Three senior candidates have moved one step closer to making the Pro Football Hall of Fame.
The Hall of Fame's Seniors Committee named three finalists to be considered for the HOF Class of 2024 on Wednesday -- linebacker Randy Gradishar, defensive tackle Steve McMichael and wide receiver Art Powell.
The three senior finalists were chosen from a list of 12 candidates, which had been cut down from an initial group of 31 semifinalists. Each senior candidate finished his career during the 1998 season or earlier.
In order to be elected to the Hall, each of the senior finalists -- along with the 15 modern-era player finalists, plus one coach/contributor candidate (Buddy Parker in '24) -- require 80% of the vote from the entire 50-person selection committee when they meet early next year.
"Every one of the individual presentations for the 12 candidates by the members of the Seniors Committee participating Tuesday was outstanding, truly creating the possibility that each one could have reached the position of Finalist," Pro Football Hall Of Fame president Jim Porter said. "I applaud the committee for the thorough discussion and consideration for all 12. The depth of the Seniors pool came on full display once again."
Gradishar, the Associated Press NFL Defensive Player of the Year in 1978, was a key member of the Denver Broncos' "Orange Crush" defense, playing for the team from 1974 to 1983 and being named to seven Pro Bowls. He helped Denver reach Super Bowl XII and amazingly never missed a game -- playing 151 overall -- in his 10-year career.
McMichael -- nicknamed "Mongo" -- was one of the centerpieces of the Chicago Bears' famed defenses of the 1980s and remains beloved by Bears fans to this day. Like Gradishar, McMichael never missed a regular season game because of injury, spanning 15 seasons. McMichael's 95 sacks rank fourth all-time among defensive tackles.
Battling ALS for the past two years, McMichael has lost the ability to speak, along with his motor skills. McMichael recently was admitted to ICU after he fell unconscious, suffering from bouts of sepsis and pneumonia. But his wife, Misty, told the Chicago Sun-Times that she believes McMichael's HOF run has helped extend his life.

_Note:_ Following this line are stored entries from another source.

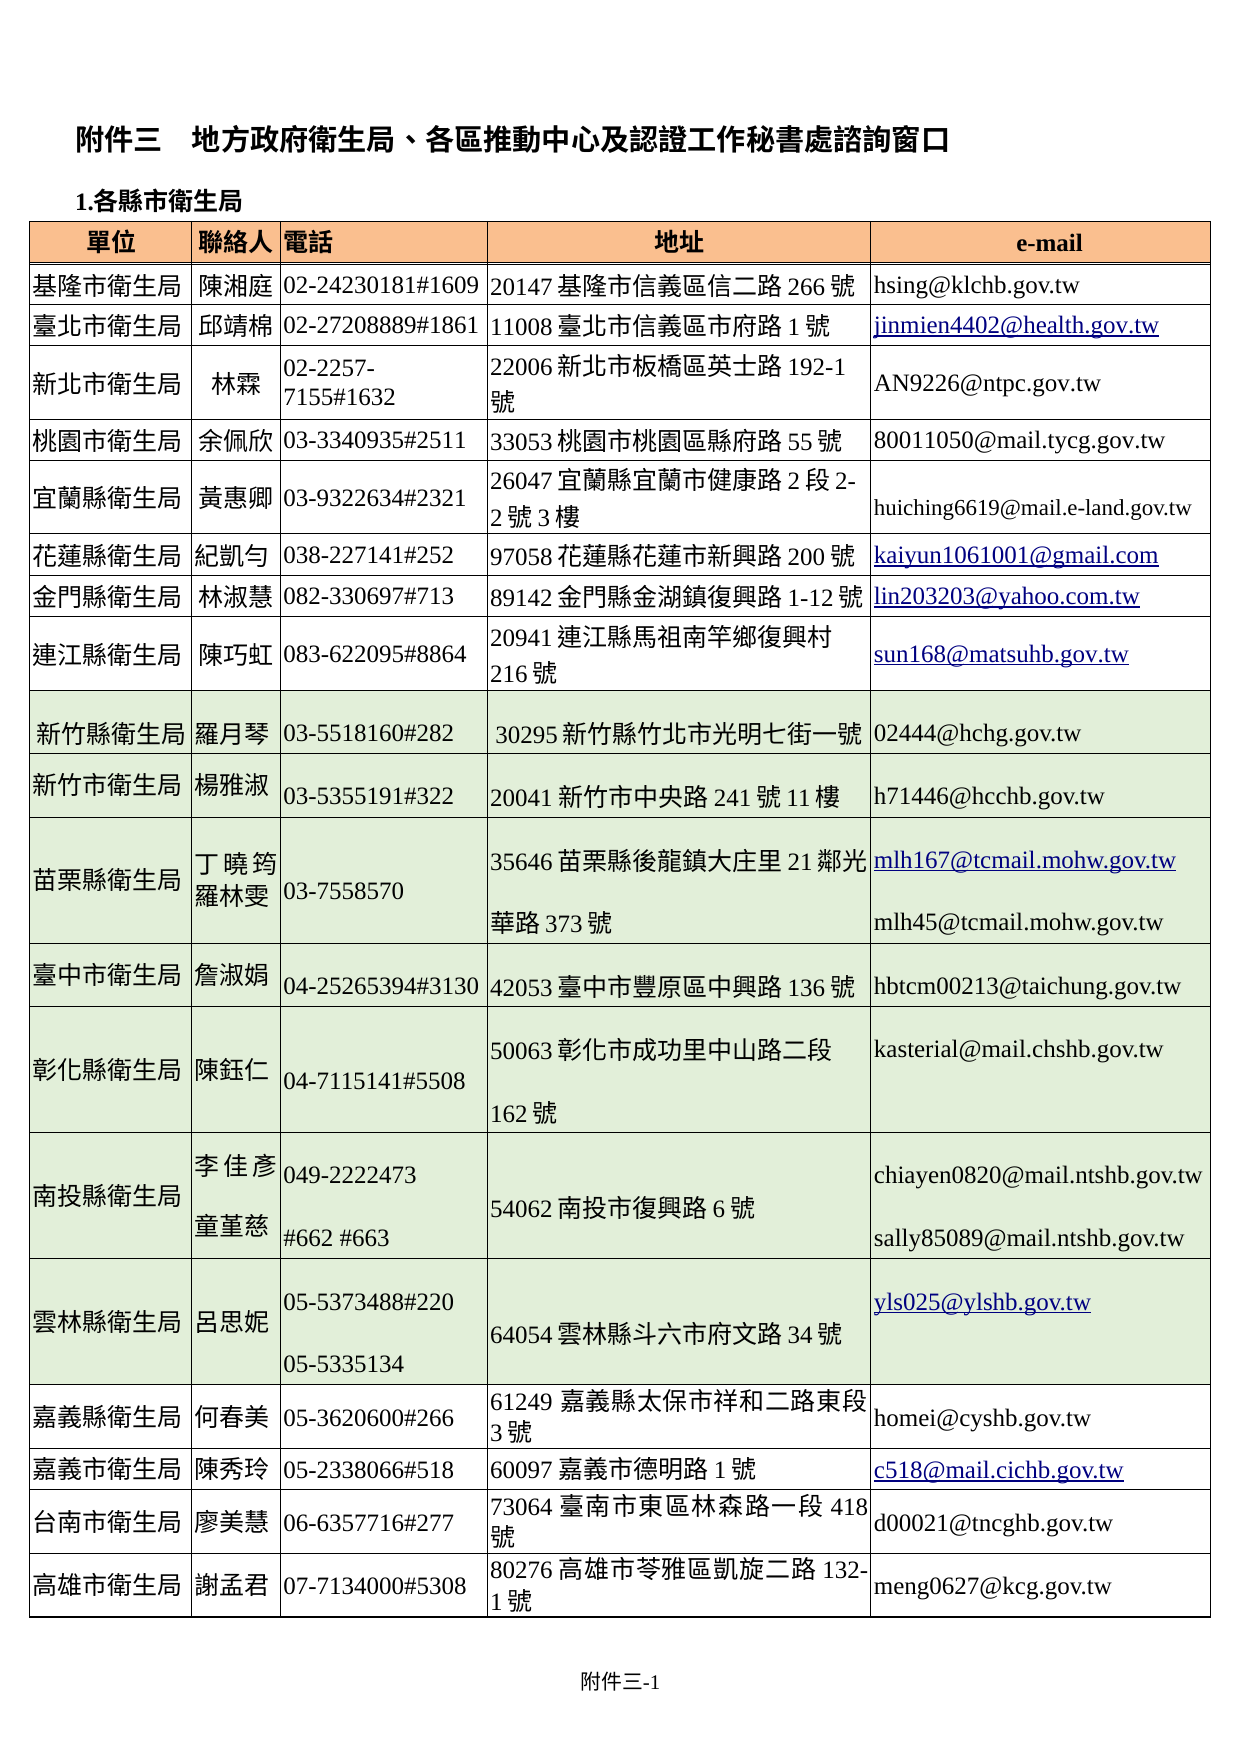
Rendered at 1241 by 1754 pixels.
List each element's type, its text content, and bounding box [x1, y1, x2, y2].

table_cell 呂思妮 [192, 1259, 280, 1384]
table_cell 苗栗縣衛生局 [30, 818, 191, 943]
table_cell 05-5373488#220 05-5335134 [281, 1259, 487, 1384]
table_cell d00021@tncghb.gov.tw [871, 1490, 1210, 1553]
table_cell 嘉義市衛生局 [30, 1449, 191, 1489]
table_cell 03-5518160#282 [281, 691, 487, 753]
table_cell 33053桃園市桃園區縣府路55號 [488, 420, 870, 460]
table_cell 038-227141#252 [281, 534, 487, 575]
table_cell 03-5355191#322 [281, 754, 487, 817]
table_cell 64054雲林縣斗六市府文路34號 [488, 1259, 870, 1384]
table_cell 54062南投市復興路6號 [488, 1133, 870, 1258]
table_cell 陳秀玲 [192, 1449, 280, 1489]
table_cell 嘉義縣衛生局 [30, 1385, 191, 1448]
table_header 聯絡人 [192, 222, 280, 262]
table_cell 連江縣衛生局 [30, 617, 191, 689]
table_cell 陳巧虹 [192, 617, 280, 689]
table_cell 89142金門縣金湖鎮復興路1-12號 [488, 576, 870, 616]
table_cell 97058花蓮縣花蓮市新興路200號 [488, 534, 870, 575]
table_cell 20941連江縣馬祖南竿鄉復興村216號 [488, 617, 870, 689]
table_cell 049-2222473 #662 #663 [281, 1133, 487, 1258]
table_cell 082-330697#713 [281, 576, 487, 616]
table_cell 05-3620600#266 [281, 1385, 487, 1448]
table_cell 桃園市衛生局 [30, 420, 191, 460]
table_cell 陳鈺仁 [192, 1007, 280, 1132]
table_cell huiching6619@mail.e-land.gov.tw [871, 461, 1210, 533]
table_cell 03-9322634#2321 [281, 461, 487, 533]
table_cell hbtcm00213@taichung.gov.tw [871, 944, 1210, 1006]
table_cell homei@cyshb.gov.tw [871, 1385, 1210, 1448]
table_cell 台南市衛生局 [30, 1490, 191, 1553]
table_cell 20147基隆市信義區信二路266號 [488, 265, 870, 303]
table_cell meng0627@kcg.gov.tw [871, 1554, 1210, 1616]
table_cell 50063彰化市成功里中山路二段162號 [488, 1007, 870, 1132]
table_cell h71446@hcchb.gov.tw [871, 754, 1210, 817]
table_cell 臺北市衛生局 [30, 305, 191, 345]
table_cell 80276高雄市苓雅區凱旋二路132-1號 [488, 1554, 870, 1616]
text 1.各縣市衛生局 [75, 158, 1165, 221]
table_cell hsing@klchb.gov.tw [871, 265, 1210, 303]
table_cell 80011050@mail.tycg.gov.tw [871, 420, 1210, 460]
table_cell 李佳彥 童堇慈 [192, 1133, 280, 1258]
table_cell chiayen0820@mail.ntshb.gov.tw sally85089@mail.ntshb.gov.tw [871, 1133, 1210, 1258]
table_header e-mail [871, 222, 1210, 262]
table_cell 20041 新竹市中央路241號11樓 [488, 754, 870, 817]
table_cell 30295新竹縣竹北市光明七街一號 [488, 691, 870, 753]
table_cell kaiyun1061001@gmail.com [871, 534, 1210, 575]
table_cell 03-3340935#2511 [281, 420, 487, 460]
table_cell 臺中市衛生局 [30, 944, 191, 1006]
table_cell 彰化縣衛生局 [30, 1007, 191, 1132]
table_cell 61249 嘉義縣太保市祥和二路東段3號 [488, 1385, 870, 1448]
table_cell 謝孟君 [192, 1554, 280, 1616]
table_cell 11008臺北市信義區市府路1號 [488, 305, 870, 345]
table_cell 06-6357716#277 [281, 1490, 487, 1553]
table_cell 何春美 [192, 1385, 280, 1448]
table_cell 02-27208889#1861 [281, 305, 487, 345]
table_cell 紀凱勻 [192, 534, 280, 575]
table_cell 02-24230181#1609 [281, 265, 487, 303]
table_cell 基隆市衛生局 [30, 265, 191, 303]
table_header 地址 [488, 222, 870, 262]
table_cell 05-2338066#518 [281, 1449, 487, 1489]
table_cell c518@mail.cichb.gov.tw [871, 1449, 1210, 1489]
table_cell 黃惠卿 [192, 461, 280, 533]
table_cell AN9226@ntpc.gov.tw [871, 346, 1210, 418]
table_header 單位 [30, 222, 191, 262]
table_cell 04-25265394#3130 [281, 944, 487, 1006]
table_cell 丁曉筠 羅林雯 [192, 818, 280, 943]
table_cell jinmien4402@health.gov.tw [871, 305, 1210, 345]
table_cell sun168@matsuhb.gov.tw [871, 617, 1210, 689]
table_cell 陳湘庭 [192, 265, 280, 303]
table_cell 60097 嘉義市德明路1號 [488, 1449, 870, 1489]
table_cell 新北市衛生局 [30, 346, 191, 418]
table_cell lin203203@yahoo.com.tw [871, 576, 1210, 616]
table_cell 花蓮縣衛生局 [30, 534, 191, 575]
table_header 電話 [281, 222, 487, 262]
table_cell 02444@hchg.gov.tw [871, 691, 1210, 753]
table_cell 04-7115141#5508 [281, 1007, 487, 1132]
table_cell 楊雅淑 [192, 754, 280, 817]
table_cell 林霖 [192, 346, 280, 418]
table_cell 林淑慧 [192, 576, 280, 616]
table_cell 35646苗栗縣後龍鎮大庄里21鄰光華路373號 [488, 818, 870, 943]
table_cell yls025@ylshb.gov.tw [871, 1259, 1210, 1384]
table_cell 羅月琴 [192, 691, 280, 753]
table_cell mlh167@tcmail.mohw.gov.tw mlh45@tcmail.mohw.gov.tw [871, 818, 1210, 943]
table_cell kasterial@mail.chshb.gov.tw [871, 1007, 1210, 1132]
table_cell 余佩欣 [192, 420, 280, 460]
table_cell 42053臺中市豐原區中興路136號 [488, 944, 870, 1006]
table_cell 26047宜蘭縣宜蘭市健康路2段2-2號3樓 [488, 461, 870, 533]
table_cell 南投縣衛生局 [30, 1133, 191, 1258]
table_cell 03-7558570 [281, 818, 487, 943]
table_cell 雲林縣衛生局 [30, 1259, 191, 1384]
table_cell 07-7134000#5308 [281, 1554, 487, 1616]
table_cell 邱靖棉 [192, 305, 280, 345]
table_cell 宜蘭縣衛生局 [30, 461, 191, 533]
table_cell 083-622095#8864 [281, 617, 487, 689]
table_cell 高雄市衛生局 [30, 1554, 191, 1616]
table_cell 新竹市衛生局 [30, 754, 191, 817]
table_cell 02-2257-7155#1632 [281, 346, 487, 418]
table_cell 73064臺南市東區林森路一段418號 [488, 1490, 870, 1553]
table_cell 金門縣衛生局 [30, 576, 191, 616]
table_cell 22006新北市板橋區英士路192-1號 [488, 346, 870, 418]
text 附件三 地方政府衛生局、各區推動中心及認證工作秘書處諮詢窗口 [75, 96, 1165, 158]
table_cell 新竹縣衛生局 [30, 691, 191, 753]
table_cell 廖美慧 [192, 1490, 280, 1553]
table_cell 詹淑娟 [192, 944, 280, 1006]

"He would have died at home if it wasn't for the nomination," she told the Sun-Times. "He was dying in front of us. We ripped up the DNR (do not resuscitate orders) because of the nomination. He has to live to see this."
Powell was a standout in the CFL, AFL and NFL, starting out as a defensive back before being moved to receiver. He starred for the New York Titans, starting in their inaugural season in the AFL in 1960, for three years, followed by four more with the Oakland Raiders. That's where he became a star, leading the AFL in receiving yards (1,304) and receiving touchdowns (16) in 1963 and leading the Raiders in receiving yards four straight seasons.
The nine candidates who did not make the cut were Ken Anderson, Maxie Baughan, Roger Craig, Joe Jacoby, Albert Lewis, Eddie Meador, Sterling Sharpe, Otis Taylor and Al Wistert. Last year, the Hall of Fame's Board of Trustees approved a bylaw change that increased the number of senior finalists from one to three.